Example: The in-class essay was a breeze
or Her voice is music to my ears.
Metonymy: The name of a related object is substituted for the subject at hand.
Examples:
The suits are in a meeting. (The suits stand for business people.)
May I lend you a hand? (Hand means help.)
Narrative: Poetry that tells a story, featuring elements of plot and character.
Ode: A long and elaborate lyric poem, often dignified or formal in tone, written to praise something of something, or to mark an important occasion.
Onomatopoeia: The use of words that imitate the sounds they represent.
Example: The bacon sizzled.
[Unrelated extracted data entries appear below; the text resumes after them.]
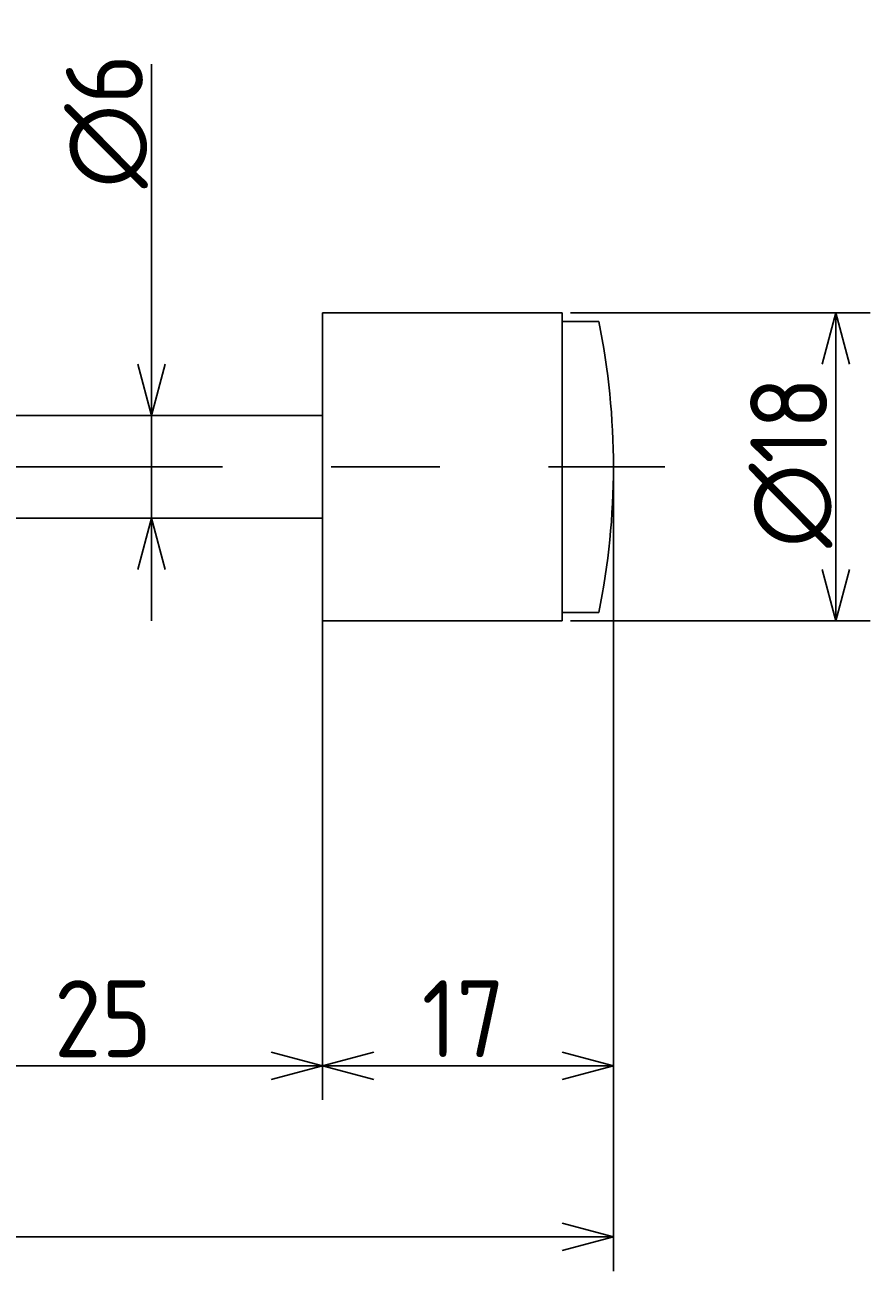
# Model space of a CAD drawing. Extents: x 43 to 387, y 128 to 201.
# Tile 5 of 5: x 338 to 387, y 128 to 201. Entities that reach past the tile are written whole.
import ezdxf

# ---------------------------------------------------------------- set-up
doc = ezdxf.new("R2010")
doc.units = 0
doc.linetypes.add('CENTER', pattern=[50.8, 31.75, -6.35, 6.35, -6.35])
doc.layers.get('0').update_dxf_attribs({"linetype": 'CONTINUOUS'})
doc.layers.get('DEFPOINTS').update_dxf_attribs({"linetype": 'CONTINUOUS'})
for name, color, linetype in [('図形', 7, 'CONTINUOUS'), ('図枠', 7, 'CONTINUOUS'), ('寸法_文字', 3, 'CONTINUOUS')]:
    doc.layers.add(name, color=color, linetype=linetype)
doc.layers.get('0').off()
doc.styles.add('DIMENSION', font='isocp.shx', dxfattribs={"bigfont": 'bigfont.shx'})
doc.dimstyles.get("Standard").update_dxf_attribs({"dimtxt": 0.18, "dimasz": 0.18, "dimexe": 0.18, "dimexo": 0.0625, "dimgap": 0.09, "dimtad": 0, "dimtih": 1, "dimtoh": 1, "dimzin": 0, "dimcen": 0.09, "dimazin": 3, "dimtfac": 1, "dimtofl": 0, "dimtmove": 0, "dimatfit": 3})

# ---------------------------------------------------------------- blocks, each defined once
blk = doc.blocks.new('_OPEN30')
at = {"color": 0, "linetype": 'BYBLOCK'}
for p, q in [((-1, 0.268), (0, 0)), ((0, 0), (-1, -0.268)), ((0, 0), (-1, 0))]:
    blk.add_line(p, q, dxfattribs=at)
blk = doc.blocks.new('*U58')
at = {"layer": '寸法_文字', "color": 3, "style": 'DIMENSION'}
blk.add_text('∅18', height=4.5, rotation=90, dxfattribs=at).set_placement((384.5, 170.275))
blk = doc.blocks.new('*D16')
at = {"layer": 'DEFPOINTS', "color": 0}
for p in [(369, 184), (369, 166), (385, 166)]:
    blk.add_point(p, dxfattribs=at)
at = {"layer": '寸法_文字', "color": 3}
for p, q in [((369.5, 184), (387, 184)), ((385, 181), (385, 169)), ((369.5, 166), (387, 166))]:
    blk.add_line(p, q, dxfattribs=at)
at = {"layer": '図枠'}
blk.add_blockref('*U58', (0, 0), dxfattribs=at)
at = {"layer": '寸法_文字', "color": 3, "xscale": 3, "yscale": 3, "zscale": 3}
for p, rotation in [((385, 184), 90), ((385, 166), 270)]:
    blk.add_blockref('_OPEN30', p, dxfattribs=dict(at, rotation=rotation))
blk = doc.blocks.new('*U52')
at = {"layer": '寸法_文字', "color": 3, "style": 'DIMENSION'}
blk.add_text('∅6', height=4.5, rotation=90, dxfattribs=at).set_placement((344.5, 191.288))
blk = doc.blocks.new('*D17')
at = {"layer": 'DEFPOINTS', "color": 0}
for p in [(342.5, 178), (345, 178), (342.5, 172)]:
    blk.add_point(p, dxfattribs=at)
at = {"layer": '寸法_文字', "color": 3}
for p, q in [((345, 181), (345, 198.537)), ((345, 172), (345, 178)), ((345, 169), (345, 166))]:
    blk.add_line(p, q, dxfattribs=at)
at = {"layer": '図枠'}
blk.add_blockref('*U52', (0, 0), dxfattribs=at)
at = {"layer": '寸法_文字', "color": 3, "xscale": 3, "yscale": 3, "zscale": 3}
for p, rotation in [((345, 178), 270), ((345, 172), 90)]:
    blk.add_blockref('_OPEN30', p, dxfattribs=dict(at, rotation=rotation))
blk = doc.blocks.new('*U49')
at = {"layer": '寸法_文字', "color": 3, "style": 'DIMENSION'}
blk.add_text('25', height=4.5, dxfattribs=at).set_placement((339.314, 140.5))
blk = doc.blocks.new('*D22')
at = {"layer": 'DEFPOINTS', "color": 0}
for p in [(355, 166.5), (330, 166), (355, 140)]:
    blk.add_point(p, dxfattribs=at)
at = {"layer": '寸法_文字', "color": 3}
for p, q in [((330, 165.5), (330, 138)), ((355, 166), (355, 138)), ((333, 140), (352, 140))]:
    blk.add_line(p, q, dxfattribs=at)
at = {"layer": '図枠'}
blk.add_blockref('*U49', (0, 0), dxfattribs=at)
at = {"layer": '寸法_文字', "color": 3, "xscale": 3, "yscale": 3, "zscale": 3, "rotation": 180}
blk.add_blockref('_OPEN30', (330, 140), dxfattribs=at)
at = {"layer": '寸法_文字', "color": 3, "xscale": 3, "yscale": 3, "zscale": 3}
blk.add_blockref('_OPEN30', (355, 140), dxfattribs=at)
blk = doc.blocks.new('*U48')
at = {"layer": '寸法_文字', "color": 3, "style": 'DIMENSION'}
blk.add_text('17', height=4.5, dxfattribs=at).set_placement((360.8, 140.5))
blk = doc.blocks.new('*D23')
at = {"layer": 'DEFPOINTS', "color": 0}
for p in [(372, 175), (355, 166.5), (372, 140)]:
    blk.add_point(p, dxfattribs=at)
at = {"layer": '寸法_文字', "color": 3}
for p, q in [((372, 174.5), (372, 138)), ((355, 166), (355, 138)), ((358, 140), (369, 140))]:
    blk.add_line(p, q, dxfattribs=at)
at = {"layer": '図枠'}
blk.add_blockref('*U48', (0, 0), dxfattribs=at)
at = {"layer": '寸法_文字', "color": 3, "xscale": 3, "yscale": 3, "zscale": 3, "rotation": 180}
blk.add_blockref('_OPEN30', (355, 140), dxfattribs=at)
at = {"layer": '寸法_文字', "color": 3, "xscale": 3, "yscale": 3, "zscale": 3}
blk.add_blockref('_OPEN30', (372, 140), dxfattribs=at)
blk = doc.blocks.new('*U53')
at = {"layer": '寸法_文字', "color": 3, "style": 'DIMENSION'}
blk.add_text('(204)', height=4.5, dxfattribs=at).set_placement((263.25, 130.725))
blk = doc.blocks.new('*D26')
at = {"layer": 'DEFPOINTS', "color": 0}
for p in [(168, 175), (372, 175), (372, 130)]:
    blk.add_point(p, dxfattribs=at)
at = {"layer": '寸法_文字', "color": 3}
for p, q in [((168, 174.5), (168, 128)), ((372, 174.5), (372, 128)), ((171, 130), (369, 130))]:
    blk.add_line(p, q, dxfattribs=at)
at = {"layer": '図枠'}
blk.add_blockref('*U53', (0, 0), dxfattribs=at)
at = {"layer": '寸法_文字', "color": 3, "xscale": 3, "yscale": 3, "zscale": 3, "rotation": 180}
blk.add_blockref('_OPEN30', (168, 130), dxfattribs=at)
at = {"layer": '寸法_文字', "color": 3, "xscale": 3, "yscale": 3, "zscale": 3}
blk.add_blockref('_OPEN30', (372, 130), dxfattribs=at)

msp = doc.modelspace()

# ---------------------------------------------------------------- linework, layer by layer
at = {"layer": '図形'}
for p, q in [((355, 166), (355, 184)), ((355, 184), (369, 184)), ((369, 166), (369, 184)), ((371.152, 183.5), (369, 183.5)), ((330, 178), (355, 178)), ((330, 172), (355, 172)), ((371.152, 166.5), (369, 166.5)), ((355, 166), (369, 166))]:
    msp.add_line(p, q, dxfattribs=at)
at = {"layer": '図形', "color": 3, "linetype": 'CENTER'}
msp.add_line((165, 175), (375, 175), dxfattribs=at)
at = {"layer": '図形'}
msp.add_arc((329, 175), 43, 348.599, 11.401, dxfattribs=at)

# ---------------------------------------------------------------- dimensions: what is measured, and where the dimension line sits
at = {"layer": '寸法_文字', "color": 3}
dim = msp.add_linear_dim(base=(345, 178), p1=(342.5, 172), p2=(342.5, 178), angle=90, text='%%c<>', dimstyle='Standard', override={"dimse1": 1, "dimse2": 1}, dxfattribs=at)
dim.commit()
dim.dimension.update_dxf_attribs({"geometry": '*D17', "text_midpoint": (345, 195), "dimtype": 128})
dim = msp.add_linear_dim(base=(385, 166), p1=(369, 184), p2=(369, 166), angle=90, text='%%c<>', dimstyle='Standard', dxfattribs=at)
dim.commit()
dim.dimension.update_dxf_attribs({"geometry": '*D16', "text_midpoint": (385, 175), "dimtype": 128})
dim = msp.add_linear_dim(base=(372, 130), p1=(168, 175), p2=(372, 175), text='(<>)', dimstyle='Standard', dxfattribs=at)
dim.commit()
dim.dimension.update_dxf_attribs({"geometry": '*D26', "text_midpoint": (270, 130), "dimtype": 128})
for base, p1, p2, picture, middle in [((372, 140), (355, 166.5), (372, 175), '*D23', (363.5, 140)), ((355, 140), (330, 166), (355, 166.5), '*D22', (342.5, 140))]:
    dim = msp.add_linear_dim(base=base, p1=p1, p2=p2, dimstyle='Standard', dxfattribs=at)
    dim.commit()
    dim.dimension.update_dxf_attribs({"geometry": picture, "text_midpoint": middle, "dimtype": 128})

doc.saveas('drawing.dxf')

The bees buzzed.
Oxymoron: Two contradictory words or phrases are combined in a single expression.
Examples: screaming silence; wise fool; cruel kindness.
Paradox: A statement or idea that at first glance appears illogical, but reveals some truth.
Examples: “What a pity that youth must be wasted on the young.”
– George Bernard Shaw
Truth is honey which is bitter.
Pastoral: Poetry that concerns life in the country, meadows, forests, etc.
Pathetic Fallacy: Nature or setting details reflect the mood or events in a poem.
Example: During the intense argument, a thunderstorm howls outside.
Pathos: The quality in a work of art or literature that arouses feelings of pity, sorrow or sympathy in the reader or viewer.
Personification: Inanimate objects, animals or abstract ideas are endowed with human qualities.
Examples: Joyful day stood upon the mountaintops.
The trees danced in the wind.
Pun: Word playing involving a) the use of a word with two different meanings and b) the use of homonyms.
Example: I wondered why the baseball was getting bigger; then it hit me.
Quatrain: A stanza of four lines.
Refrain: A line or lines repeated at intervals during a poem, usually at the end of each stanza.
Rhetoric: The art of persuasion (by the way of diction, register, phrasing, etc), in speaking or writing.
Satire: Ridicule meant to expose folly, vice, or shortcomings of others through the use of humor.
Simile: A comparison of two dissimilar objects using “like,” “as,” or “than.”
Example: Her cheeks are red like a rose.
Sonnet: Lyric poem of fourteen lines and a regular rhyme scheme.
Petrarchan Sonnet: The first eight lines are called the octave, while the final six are called the sestet. Rhyme scheme is abba abba cdecde.
Shakespearean Sonnet: Written in iambic pentameter and finishing with a rhyming couplet. Rhyme Scheme of abab cdcd efef gg.
Synecdoche: The name of a part of an object is substituted for the whole object. Compare to metonymy.
Example: Calling a car “wheels” is a synecdoche because a part of a car “wheels” stands for the whole car.